10 February 2015

Banks’ reaction to entry threats

UXIndianBankingSector

Source: iamwire.com

In this third post, we examine how banks can react to the entry threat on banking retail markets (the previous two posts on banking innovations can be found here and here)?

First, banks can decide to innovate by themselves. However, banks have market power, which implies that they face the usual trade-off between the replacement effect and the efficiency effect identified by Arrow (1962). The replacement effect means that monopolistic banks have fewer incentives to innovate than competitive firms because they “replace themselves” when they innovate. The efficiency effect implies that, when competition reduces profits, a monopolist’s incentive to remain a monopoly is greater than an entrant’s incentives to enter a market as a duopoly (see Gilbert and Newberry, 1982).

Banks’ incentives to innovate are also impacted by network effects and switching costs. In particular, a bank must design a strategy that balances the profits earned on its installed base and the profits earned on new customers. Therefore, it faces a trade-off between customer retention and customer acquisition, which is often referred to as the “harvesting versus investing dilemma” (see Klemperer, 1995). An incumbent firm can decide to charge a high price to its installed base to recoup its investment expenditure. However, this harvesting strategy must be balanced against the opportunity cost of losing new customers who will make valuable repeat-purchase in the future (investing). Also, a harvesting strategy can make banks’ vulnerable to entrants’ reply. For example, when Bank of America launched the BankAmericard, it made a $20 million loss. However, this innovation became profitable in the long run (investing).

A way for banks to take advantage of network effects is to build joint ventures or alliances with other banks or entrants. A successful example of joint ventures between banks is the Paylib in France born from BNP Paribas, Société Générale and La Banque Postale, which now reaches 23 million users in France. Cooperation is sometimes crucial for both banks and entrants to reach the critical mass of users and therefore to exploit network effects. The table below shows several examples of partnerships between banks and entrants:

Table

Partnerships between banks and entrants (Mariotto and Verdier, 2014)

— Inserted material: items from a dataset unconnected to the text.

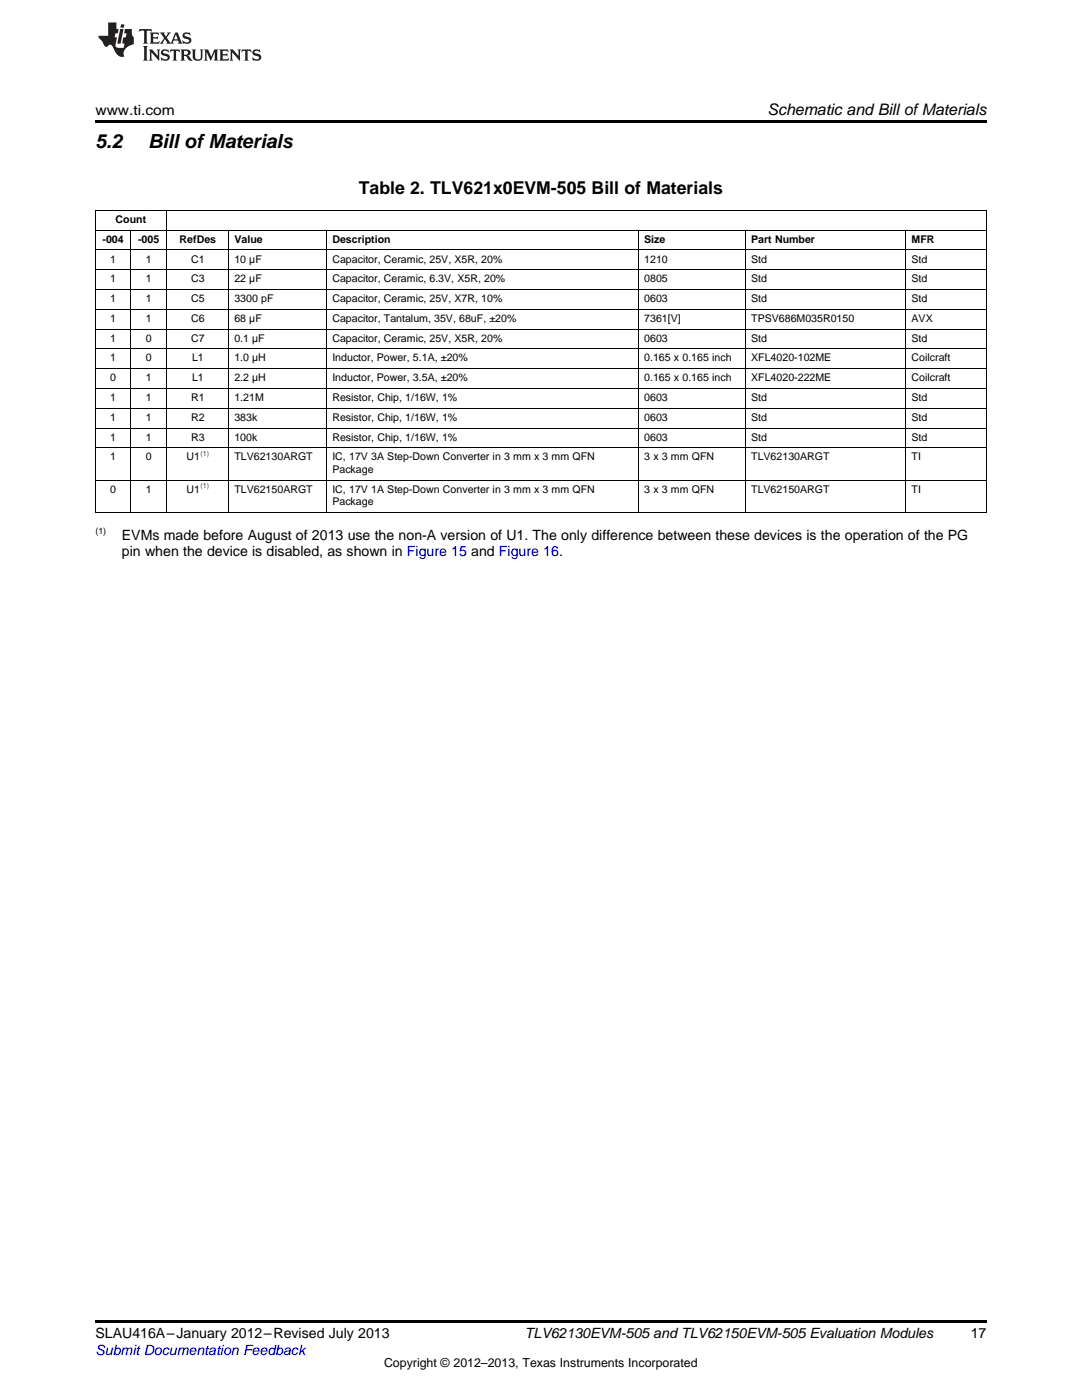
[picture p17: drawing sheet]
<svg xmlns="http://www.w3.org/2000/svg" width="216mm" height="279mm" viewBox="0 0 216 279" stroke-linecap="round" stroke-linejoin="round" font-family="sans-serif">
<defs><g id="words">
<g font-size="3.9">
<text x="19" y="29.6">5.2</text>
<text x="29.6" y="29.6">Bill ofMaterials</text>
</g>
<text font-size="3.5" x="71.6" y="38.7">Table 2. TLV621x0EVM-505 Bill of Materials</text>
<text font-size="3.2" x="153.1" y="23">Schematic and Bill ofMaterials</text>
<g font-size="2.8">
<text x="19" y="23">www.ti.com</text>
<text x="24.3" y="107.7">EVMs made before August of 2013 use the non-A version of U1. The only difference between these devices is the operation of the PG</text>
<text x="24.3" y="110.9">pin when the device is disabled, as shown in Figure 15 and Figure 16.</text>
<text x="19" y="267.1">SLAU416A–January 2012–Revised July 2013</text>
<text x="104.7" y="267.1">TLV62130EVM-505 and TLV62150EVM-505 Evaluation Modules</text>
<text x="193.7" y="267">17</text>
</g>
<text font-size="2.8" fill="#00f" x="19" y="270.4">Submit Documentation Feedback</text>
<text font-size="2.5" x="76.6" y="272.7">Copyright © 2012–2013, Texas Instruments Incorporated</text>
<g font-size="2.1">
<text x="23.1" y="44.5">Count</text>
<text x="20.5" y="48.4">-004</text>
<text x="22" y="52.4">1</text>
<text x="27.6" y="48.4">-005</text>
<text x="29.1" y="52.4">1</text>
<text x="35.8" y="48.4">RefDes</text>
<text x="38.1" y="52.4">C1</text>
<text x="46.8" y="48.4">Value</text>
<text x="46.8" y="52.4">10 µF</text>
<text x="66.3" y="48.4">Description</text>
<text x="66.3" y="52.4">Capacitor, Ceramic, 25V, X5R, 20%</text>
<text x="128.6" y="48.4">Size</text>
<text x="128.6" y="52.4">1210</text>
<text x="149.9" y="48.4">Part Number</text>
<text x="149.9" y="52.4">Std</text>
<text x="181.9" y="48.4">MFR</text>
<text x="181.9" y="52.4">Std</text>
<text x="22" y="56.3">1</text>
<text x="29.1" y="56.3">1</text>
<text x="38.1" y="56.3">C3</text>
<text x="46.8" y="56.3">22 µF</text>
<text x="66.3" y="56.3">Capacitor, Ceramic, 6.3V, X5R, 20%</text>
<text x="128.6" y="56.3">0805</text>
<text x="149.9" y="56.3">Std</text>
<text x="181.9" y="56.3">Std</text>
<text x="22" y="60.3">1</text>
<text x="22" y="64.2">1</text>
<text x="29.1" y="60.3">1</text>
<text x="29.1" y="64.2">1</text>
<text x="38.1" y="60.3">C5</text>
<text x="38.1" y="64.2">C6</text>
<text x="46.8" y="60.3">3300 pF</text>
<text x="46.8" y="64.2">68 µF</text>
<text x="66.3" y="60.3">Capacitor, Ceramic, 25V, X7R, 10%</text>
<text x="66.3" y="64.2">Capacitor, Tantalum, 35V, 68uF, ±20%</text>
<text x="128.6" y="60.3">0603</text>
<text x="128.6" y="64.2">7361[V]</text>
<text x="149.9" y="60.3">Std</text>
<text x="149.9" y="64.2">TPSV686M035R0150</text>
<text x="181.9" y="60.3">Std</text>
<text x="181.9" y="64.2">AVX</text>
<text x="22" y="68.2">1</text>
<text x="29.1" y="68.2">0</text>
<text x="38.1" y="68.2">C7</text>
<text x="46.8" y="68.2">0.1 µF</text>
<text x="66.3" y="68.2">Capacitor, Ceramic, 25V, X5R, 20%</text>
<text x="128.6" y="68.2">0603</text>
<text x="149.9" y="68.2">Std</text>
<text x="181.9" y="68.2">Std</text>
<text x="22" y="72.1">1</text>
<text x="22" y="76.1">0</text>
<text x="29.1" y="72.1">0</text>
<text x="29.1" y="76.1">1</text>
<text x="38.3" y="72.1">L1</text>
<text x="38.3" y="76.1">L1</text>
<text x="46.8" y="72.1">1.0 µH</text>
<text x="46.8" y="76.1">2.2 µH</text>
<text x="66.3" y="72.1">Inductor, Power, 5.1A, ±20%</text>
<text x="66.3" y="76.1">Inductor, Power, 3.5A, ±20%</text>
<text x="128.6" y="72.1">0.165 x 0.165 inch</text>
<text x="128.6" y="76.1">0.165 x 0.165 inch</text>
<text x="149.9" y="72.1">XFL4020-102ME</text>
<text x="149.9" y="76.1">XFL4020-222ME</text>
<text x="181.9" y="72.1">Coilcraft</text>
<text x="181.9" y="76.1">Coilcraft</text>
<text x="22" y="80">1</text>
<text x="22" y="84">1</text>
<text x="29.1" y="80">1</text>
<text x="29.1" y="84">1</text>
<text x="38.1" y="80">R1</text>
<text x="38.1" y="84">R2</text>
<text x="46.8" y="80">1.21M</text>
<text x="46.8" y="84">383k</text>
<text x="66.3" y="80">Resistor, Chip, 1/16W, 1%</text>
<text x="66.3" y="84">Resistor, Chip, 1/16W, 1%</text>
<text x="128.6" y="80">0603</text>
<text x="128.6" y="84">0603</text>
<text x="149.9" y="80">Std</text>
<text x="149.9" y="84">Std</text>
<text x="181.9" y="80">Std</text>
<text x="181.9" y="84">Std</text>
<text x="22" y="87.9">1</text>
<text x="29.1" y="87.9">1</text>
<text x="38.1" y="87.9">R3</text>
<text x="46.8" y="87.9">100k</text>
<text x="66.3" y="87.9">Resistor, Chip, 1/16W, 1%</text>
<text x="128.6" y="87.9">0603</text>
<text x="149.9" y="87.9">Std</text>
<text x="181.9" y="87.9">Std</text>
<text x="22" y="91.9">1</text>
<text x="29.1" y="91.9">0</text>
<text x="37.2" y="91.9">U1</text>
<text x="46.8" y="91.9">TLV62130ARGT</text>
<text x="66.3" y="91.9">IC, 17V 3A Step-Down Converter in 3 mm x 3 mm QFN</text>
<text x="66.3" y="94.4">Package</text>
<text x="128.6" y="91.9">3 x 3 mm QFN</text>
<text x="149.9" y="91.9">TLV62130ARGT</text>
<text x="181.9" y="91.9">TI</text>
<text x="22" y="98.3">0</text>
<text x="29.1" y="98.3">1</text>
<text x="37.2" y="98.3">U1</text>
<text x="46.8" y="98.3">TLV62150ARGT</text>
<text x="66.3" y="98.3">IC, 17V 1A Step-Down Converter in 3 mm x 3 mm QFN</text>
<text x="66.3" y="100.8">Package</text>
<text x="128.6" y="98.3">3 x 3 mm QFN</text>
<text x="149.9" y="98.3">TLV62150ARGT</text>
<text x="181.9" y="98.3">TI</text>
</g>
<text font-size="1.8" x="19" y="106.6">(1)</text>
<g font-size="1.4" fill="#00f">
<text x="40" y="91.1">(1)</text>
<text x="40" y="97.5">(1)</text>
</g>
</g></defs>
<path d="M19 24h177.8v.6h-177.8zM19 263.5h177.8v.6h-177.8z" fill="#000"/>
<g fill="none" stroke="#000" stroke-width=".2">
<path d="M19 57.8h177.8M19 53.8h177.8M19 49.9h177.8M19 45.9h177.8M19 42h177.8M19.1 42v60.3M26.1 46v56.3M33.2 42v60.3M45.7 46v56.3M65.2 46v56.3M127.4 46v56.3M148.8 46v56.3"/>
<path d="M180.8 46v56.3M196.8 42v60.3M19 77.5h177.8M19 73.6h177.8M19 69.6h177.8M19 65.7h177.8M19 61.7h177.8M19 95.8h177.8M19 89.4h177.8M19 85.4h177.8M19 81.5h177.8M19 102.2h177.8"/>
</g>
<g fill="#231f20">
<path d="M27.8 5.8l-.1 .6 .5-.3h.5l.1 .2v2.1l-.3 .3h1l-.2-.3v-2.1v-.2h.6l.4 .3-.1-.6zM29.9 6.5l.2 .4v1.5l-.2 .3h1.8l.1-.5a1.04 1.04 0 0 1-1.2 .1v-.6h.5l.4 .2v-.7l-.4 .2h-.5v-.6h.8l.3 .2-.1-.5zM31.9 6.5l.9 1.1-1 1.1h.9l-.2-.2 .4-.7 .5 .7-.2 .2h1.5l-.2-.2 .1-.4h.9l.2 .4-.2 .2h.9l-.2-.3-.7-1.9h-.5l-.9 2.1-.8-1.1 .8-1h-.8l.2 .3-.4 .5-.4-.6 .2-.2zM35.1 6.9l.4 .9h-.8zM36.6 6.6a.63 .63 0 0 0-.2 .7 .63 .63 0 0 0 .6 .4l.6 .2 .2 .2a.75 .75 0 0 1-.8 .4 .75 .75 0 0 1-.6-.5l.1 .7 .2-.1a1.11 1.11 0 0 0 1.5-.5 1.13 1.13 0 0 0-1.3-.9v-.3a1.04 1.04 0 0 1 1.1 .2l-.1-.6-.2 .1-.5-.1zM28.5 9.2l.3 .3v2.2l-.3 .4h1l-.2-.4v-2.2l.2-.3zM29.7 9.9l.2 .3v1.5l-.2 .4h.7l-.2-.4v-1.3l1.6 1.7v-1.9l.2-.3h-.7l.2 .3v.9l-1.1-1.2zM32.3 10a.62 .62 0 0 0-.2 .7 .62 .62 0 0 0 .6 .4l.6 .2 .2 .2a.76 .76 0 0 1-.8 .4 .76 .76 0 0 1-.6-.5l.1 .7 .2-.1a1.11 1.11 0 0 0 1.5-.6 1.13 1.13 0 0 0-1.3-.8v-.3a1.04 1.04 0 0 1 1.1 .1l-.1-.5-.2 .1-.5-.2zM34 9.9l-.1 .6a.61 .61 0 0 1 .7-.3l.1 1.5-.3 .4h1l-.3-.4 .1-1.5a.63 .63 0 0 1 .7 .3l-.1-.6zM36 9.9l.2 .3v1.5l-.2 .4h.9l-.2-.2v-.7l.6 .2a.76 .76 0 0 0 1.1 .6l-1-.9a.58 .58 0 0 0 .6-.6 .58 .58 0 0 0-.5-.6zM36.7 10.2l.1-.1a.45 .45 0 0 1 .6 .1 .45 .45 0 0 1 .1 .5l-.8 .2zM38.2 9.9l.2 .2a2.17 2.17 0 0 0 .4 1.9 .99 .99 0 0 0 1.6-.7v-1.1l.2-.3h-.7l.1 .2a1.92 1.92 0 0 1-.1 1.7 .6 .6 0 0 1-1-.5v-1.1l.2-.3zM40.7 9.9l.2 .3v1.5l-.2 .4h.7l-.2-.4v-1.4l.8 1.8 .9-1.8v1.4l-.2 .4h.9l-.3-.4v-1.5l.3-.3h-.8l-.6 1.4-.7-1.4zM43.7 9.9l.3 .3v1.5l-.3 .4h1.9l.1-.6a1.04 1.04 0 0 1-1.3 .2v-.6h.6l.4 .1v-.6l-.4 .2h-.6l.1-.6h.7l.4 .2-.1-.5zM45.8 9.9l.2 .3v1.5l-.2 .4h.8l-.3-.4v-1.3l1.6 1.7v-1.9l.2-.3h-.7l.2 .3v.9l-1.1-1.2zM48.3 9.9l-.1 .6a.61 .61 0 0 1 .7-.3v1.5l-.2 .4h.9l-.2-.4v-1.5a.63 .63 0 0 1 .8 .3l-.1-.6zM50.6 10a.62 .62 0 0 0-.2 .7 .62 .62 0 0 0 .6 .4l.6 .2 .1 .2a.76 .76 0 0 1-.7 .4 .76 .76 0 0 1-.6-.5l.1 .7 .1-.1a1.11 1.11 0 0 0 1.5-.6 1.13 1.13 0 0 0-1.2-.8l-.1-.3a1.04 1.04 0 0 1 1.2 .1l-.2-.5-.1 .1-.5-.2z"/>
<path d="M21.6 4.5v2.6h-2l.1 .4 .8 .9a.91 .91 0 0 0 .9 .9 .56 .56 0 0 1 .5-.4 .56 .56 0 0 1 .5 .3l.4 .8a1.53 1.53 0 0 0 2 1.3 1.54 1.54 0 0 1 1-2.1l.9-.4-.1-1.4a1.52 1.52 0 0 1-.3-1.6h-1.4l-.1 .9h.5l-.2 .8h-.5l-.2 .9v.2l.4 .1-.1 .9a1.93 1.93 0 0 1-1.6-.3l.2-1.8h-.4l.1-.8h.5l.2-.9h-.5v-1.3zM24 5.8l-.6 2.9h.7l.5-2.9zM24.2 4.9l-.2 .6h.7l.1-.6z"/>
</g>
<use href="#words"/>
</svg>

Risks also play a role on banks’ strategies. They can be classified into two main categories: risks associated to the transformation activity, and risks occurring at the transaction level for payments or loans.

Banks’ transformation activity involves liquidity risk, credit risk, interest rate risk and systemic risk. An important unanswered issue is whether the innovations offered by entrants can have an impact on banks’ balance sheet risks. Furthermore, there are risks that occur at the transaction level. For example, Weiner et al. (2007)  identify several risks associated to the provision of innovative payment services (credit risk, settlement risk, liquidity risk, and operational risk).

To understand how the presence of risks can impact banks’ strategies, we focus on the category of operational risks (such as the risk of fraud or information system failure). To face these risks, banks have incentives to invest in security standards to protect their reputation from the negative externalities that could be triggered by entry. But, since the level of investment of entrants is not observable in the first place, banks may have the incentive to underinvest in the level of security standards, and more generally in the quality of the service. But the level of security of a given payment system may be considered as a public good that depends on the level of investment of all the banks and platforms, together with the level of effort exerted by end-users to follow the rules of conduct for their own protection. When one of these players free rides and underinvests in security, or exerts low effort to protect consumers’ sensitive data, a fraud incident causes a negative externality on the other players, through users’ perception of security. In fact, if a player underinvests, the aggregate level of security diminishes and consumers’ adoption of innovative payment solutions decreases as a consequence. Subsequently, this chain causes a drop in aggregate banks’ profits. Because of this information asymmetry and free riding problem, standards and minimum security requirements are set by regulators, or by a collective self-regulatory agreement between incumbent banks. However, if quality standards are set by an industry itself, it is likely that the standards will be too high.

This issue is a policy concern for antitrust authorities and financial regulators. For example, in 2011, the European Commission opened an antitrust investigation into the standardisation process for payments over the Internet undertaken by the European Payments Council. The Commission undertook a careful examination of the standardisation process to ensure that competition was not restricted, for example, through the exclusion of new entrants who are not controlled by a bank. The existing literature on standardisation does not take into account the presence of financial risks in the banking industry. In particular, security standards cannot be modelled exactly as quality standards, because of risk externalities between incumbent firms and entrants.

To conclude, two trade-offs arise when banks react to entry threats: coordination vs. competition with other banks or entrants, and standardization vs. differentiation on the quality of the service.